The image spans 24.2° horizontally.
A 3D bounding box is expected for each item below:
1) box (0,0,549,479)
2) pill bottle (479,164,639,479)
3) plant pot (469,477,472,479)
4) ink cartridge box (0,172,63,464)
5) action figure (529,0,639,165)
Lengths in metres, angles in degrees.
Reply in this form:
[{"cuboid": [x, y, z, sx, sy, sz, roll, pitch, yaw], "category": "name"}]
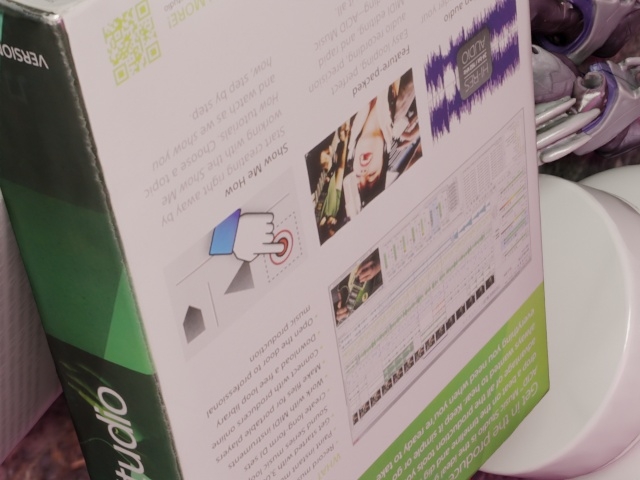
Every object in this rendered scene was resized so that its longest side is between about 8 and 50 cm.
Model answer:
[{"cuboid": [0.000, 0.000, 0.566, 0.232, 0.058, 0.322, -41, 135, -36], "category": "box"}, {"cuboid": [0.254, 0.079, 0.971, 0.408, 0.229, 0.229, 12, 100, -41], "category": "pill bottle"}, {"cuboid": [0.003, 0.075, 0.802, 0.191, 0.191, 0.174, 24, 90, -41], "category": "plant pot"}, {"cuboid": [-0.126, -0.022, 0.632, 0.385, 0.091, 0.308, -53, 174, -26], "category": "ink cartridge box"}, {"cuboid": [0.106, -0.116, 0.838, 0.285, 0.099, 0.185, -2, 65, -49], "category": "action figure"}]
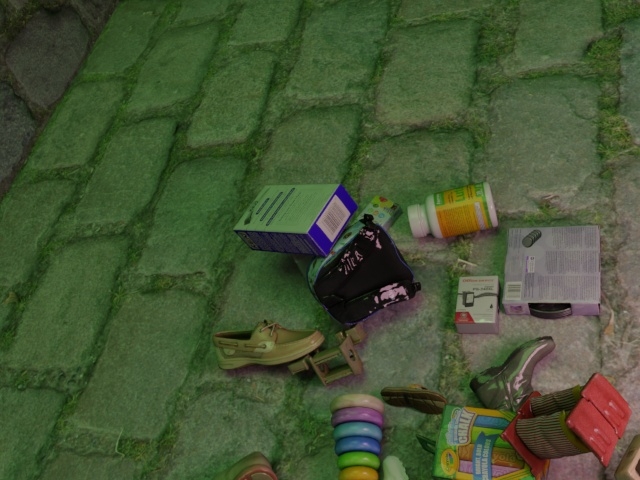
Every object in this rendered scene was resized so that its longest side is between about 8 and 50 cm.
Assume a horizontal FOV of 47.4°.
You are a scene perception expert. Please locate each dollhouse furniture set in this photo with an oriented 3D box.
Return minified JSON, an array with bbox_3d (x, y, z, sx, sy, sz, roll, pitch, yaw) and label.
[{"bbox_3d":[0.035,0.328,2.023,0.182,0.101,0.161,-26,7,29],"label":"dollhouse furniture set"},{"bbox_3d":[0.576,0.461,1.460,0.374,0.201,0.152,48,55,0],"label":"dollhouse furniture set"}]

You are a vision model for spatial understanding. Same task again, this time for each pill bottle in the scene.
[{"bbox_3d":[0.385,-0.081,2.132,0.245,0.136,0.136,-13,49,15],"label":"pill bottle"}]

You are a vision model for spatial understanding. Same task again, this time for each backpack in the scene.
[{"bbox_3d":[0.094,0.093,2.047,0.263,0.276,0.213,-38,14,-11],"label":"backpack"}]

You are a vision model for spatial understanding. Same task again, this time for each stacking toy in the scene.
[{"bbox_3d":[0.088,0.549,1.771,0.141,0.141,0.330,-9,55,17],"label":"stacking toy"}]

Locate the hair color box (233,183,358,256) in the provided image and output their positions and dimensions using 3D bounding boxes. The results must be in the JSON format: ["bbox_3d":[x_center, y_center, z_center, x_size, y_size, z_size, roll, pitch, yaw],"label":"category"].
[{"bbox_3d":[-0.076,-0.062,2.090,0.339,0.110,0.185,5,53,47],"label":"hair color box"}]

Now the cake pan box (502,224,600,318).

▶ ACTION ITEM:
Here the job is to print the data above exactly, except for any pictures.

▶ REPLY:
The image spans 24.2° horizontally.
A 3D bounding box is expected for each item below:
1) box (0,0,549,479)
2) pill bottle (479,164,639,479)
3) plant pot (469,477,472,479)
4) ink cartridge box (0,172,63,464)
5) action figure (529,0,639,165)
Lengths in metres, angles in degrees.
Reply in this form:
[{"cuboid": [x, y, z, sx, sy, sz, roll, pitch, yaw], "category": "name"}]
Every object in this rendered scene was resized so that its longest side is between about 8 and 50 cm.
Model answer:
[{"cuboid": [0.000, 0.000, 0.566, 0.232, 0.058, 0.322, -41, 135, -36], "category": "box"}, {"cuboid": [0.254, 0.079, 0.971, 0.408, 0.229, 0.229, 12, 100, -41], "category": "pill bottle"}, {"cuboid": [0.003, 0.075, 0.802, 0.191, 0.191, 0.174, 24, 90, -41], "category": "plant pot"}, {"cuboid": [-0.126, -0.022, 0.632, 0.385, 0.091, 0.308, -53, 174, -26], "category": "ink cartridge box"}, {"cuboid": [0.106, -0.116, 0.838, 0.285, 0.099, 0.185, -2, 65, -49], "category": "action figure"}]
Every object in this rendered scene was resized so that its longest side is between about 8 and 50 cm.
Assume a horizontal FOV of 47.4°.
You are a scene perception expert. Please locate each dollhouse furniture set in this photo with an oriented 3D box.
Return minified JSON, an array with bbox_3d (x, y, z, sx, sy, sz, roll, pitch, yaw) and label.
[{"bbox_3d":[0.035,0.328,2.023,0.182,0.101,0.161,-26,7,29],"label":"dollhouse furniture set"},{"bbox_3d":[0.576,0.461,1.460,0.374,0.201,0.152,48,55,0],"label":"dollhouse furniture set"}]

You are a vision model for spatial understanding. Same task again, this time for each pill bottle in the scene.
[{"bbox_3d":[0.385,-0.081,2.132,0.245,0.136,0.136,-13,49,15],"label":"pill bottle"}]

You are a vision model for spatial understanding. Same task again, this time for each backpack in the scene.
[{"bbox_3d":[0.094,0.093,2.047,0.263,0.276,0.213,-38,14,-11],"label":"backpack"}]

You are a vision model for spatial understanding. Same task again, this time for each stacking toy in the scene.
[{"bbox_3d":[0.088,0.549,1.771,0.141,0.141,0.330,-9,55,17],"label":"stacking toy"}]

Locate the hair color box (233,183,358,256) in the provided image and output their positions and dimensions using 3D bounding boxes. The results must be in the JSON format: ["bbox_3d":[x_center, y_center, z_center, x_size, y_size, z_size, roll, pitch, yaw],"label":"category"].
[{"bbox_3d":[-0.076,-0.062,2.090,0.339,0.110,0.185,5,53,47],"label":"hair color box"}]

Now the cake pan box (502,224,600,318).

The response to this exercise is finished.